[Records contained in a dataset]
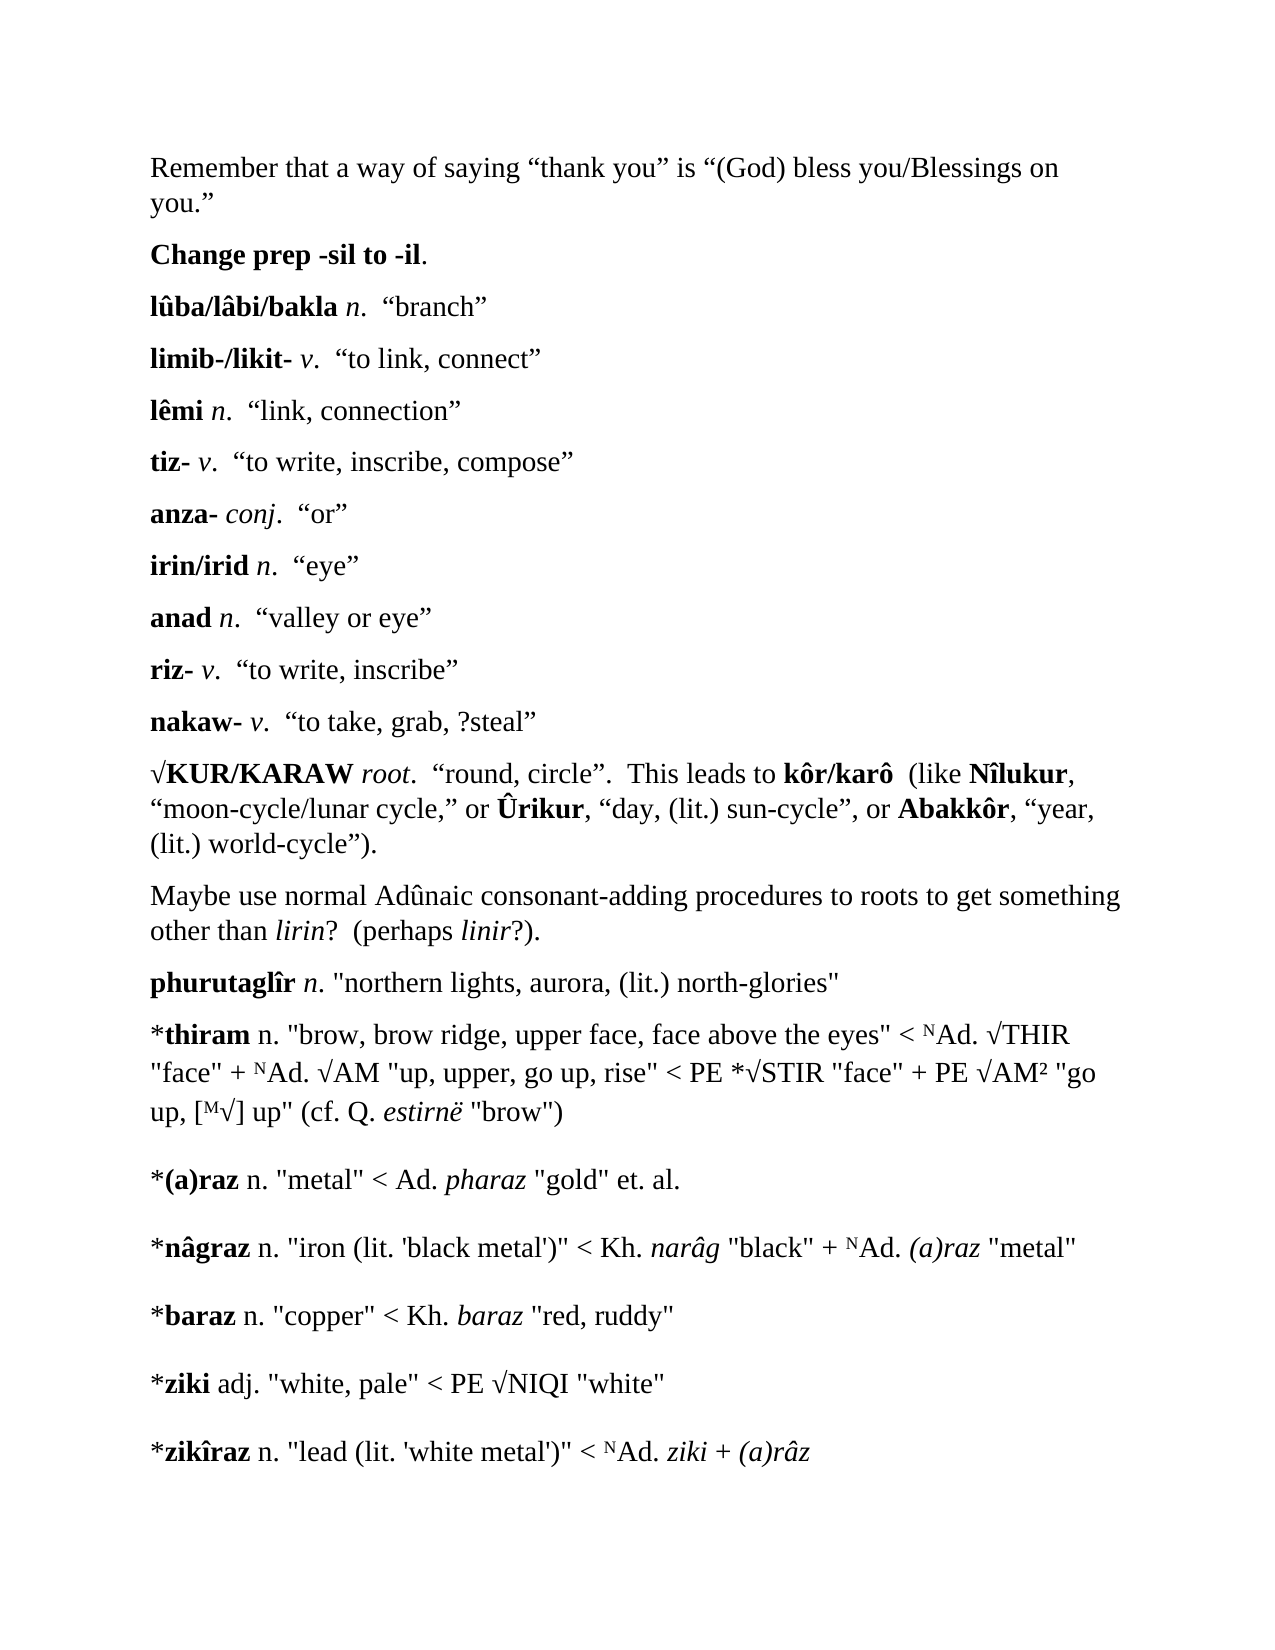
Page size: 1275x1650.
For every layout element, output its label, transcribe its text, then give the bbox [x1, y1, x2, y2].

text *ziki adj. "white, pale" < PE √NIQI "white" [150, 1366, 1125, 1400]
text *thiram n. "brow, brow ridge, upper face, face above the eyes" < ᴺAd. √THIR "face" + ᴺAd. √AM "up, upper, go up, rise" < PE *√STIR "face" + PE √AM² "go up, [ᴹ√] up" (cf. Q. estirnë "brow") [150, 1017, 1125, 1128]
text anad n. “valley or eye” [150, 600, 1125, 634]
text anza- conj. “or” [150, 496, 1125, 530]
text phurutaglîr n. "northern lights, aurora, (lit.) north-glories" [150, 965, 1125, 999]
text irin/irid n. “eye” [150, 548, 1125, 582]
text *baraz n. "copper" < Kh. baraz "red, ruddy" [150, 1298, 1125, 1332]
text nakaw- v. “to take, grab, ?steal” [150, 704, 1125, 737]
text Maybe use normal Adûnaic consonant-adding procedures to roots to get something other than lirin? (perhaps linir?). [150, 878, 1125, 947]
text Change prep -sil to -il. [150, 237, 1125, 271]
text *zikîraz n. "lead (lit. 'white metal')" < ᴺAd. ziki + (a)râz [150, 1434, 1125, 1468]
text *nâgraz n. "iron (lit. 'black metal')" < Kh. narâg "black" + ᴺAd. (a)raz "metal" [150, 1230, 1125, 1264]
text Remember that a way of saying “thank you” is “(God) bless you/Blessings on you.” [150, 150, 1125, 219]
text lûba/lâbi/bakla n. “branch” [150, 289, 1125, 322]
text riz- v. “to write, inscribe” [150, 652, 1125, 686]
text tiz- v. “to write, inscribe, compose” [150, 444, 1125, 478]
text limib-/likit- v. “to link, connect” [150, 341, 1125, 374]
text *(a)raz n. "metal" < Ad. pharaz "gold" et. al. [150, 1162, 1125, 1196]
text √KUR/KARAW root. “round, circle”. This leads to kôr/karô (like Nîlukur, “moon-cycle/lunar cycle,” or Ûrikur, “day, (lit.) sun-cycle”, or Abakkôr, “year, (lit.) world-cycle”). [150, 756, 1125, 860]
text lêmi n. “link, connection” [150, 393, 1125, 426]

* **What you will do**
Leave the pictures out and print every record exactly.

* **Response to this exercise**
Page size: 1275x1650.
For every layout element, output its label, transcribe its text, then give the bbox [x1, y1, x2, y2].

text *ziki adj. "white, pale" < PE √NIQI "white" [150, 1366, 1125, 1400]
text *thiram n. "brow, brow ridge, upper face, face above the eyes" < ᴺAd. √THIR "face" + ᴺAd. √AM "up, upper, go up, rise" < PE *√STIR "face" + PE √AM² "go up, [ᴹ√] up" (cf. Q. estirnë "brow") [150, 1017, 1125, 1128]
text anad n. “valley or eye” [150, 600, 1125, 634]
text anza- conj. “or” [150, 496, 1125, 530]
text phurutaglîr n. "northern lights, aurora, (lit.) north-glories" [150, 965, 1125, 999]
text irin/irid n. “eye” [150, 548, 1125, 582]
text *baraz n. "copper" < Kh. baraz "red, ruddy" [150, 1298, 1125, 1332]
text nakaw- v. “to take, grab, ?steal” [150, 704, 1125, 737]
text Maybe use normal Adûnaic consonant-adding procedures to roots to get something other than lirin? (perhaps linir?). [150, 878, 1125, 947]
text Change prep -sil to -il. [150, 237, 1125, 271]
text *zikîraz n. "lead (lit. 'white metal')" < ᴺAd. ziki + (a)râz [150, 1434, 1125, 1468]
text *nâgraz n. "iron (lit. 'black metal')" < Kh. narâg "black" + ᴺAd. (a)raz "metal" [150, 1230, 1125, 1264]
text Remember that a way of saying “thank you” is “(God) bless you/Blessings on you.” [150, 150, 1125, 219]
text lûba/lâbi/bakla n. “branch” [150, 289, 1125, 322]
text riz- v. “to write, inscribe” [150, 652, 1125, 686]
text tiz- v. “to write, inscribe, compose” [150, 444, 1125, 478]
text limib-/likit- v. “to link, connect” [150, 341, 1125, 374]
text *(a)raz n. "metal" < Ad. pharaz "gold" et. al. [150, 1162, 1125, 1196]
text √KUR/KARAW root. “round, circle”. This leads to kôr/karô (like Nîlukur, “moon-cycle/lunar cycle,” or Ûrikur, “day, (lit.) sun-cycle”, or Abakkôr, “year, (lit.) world-cycle”). [150, 756, 1125, 860]
text lêmi n. “link, connection” [150, 393, 1125, 426]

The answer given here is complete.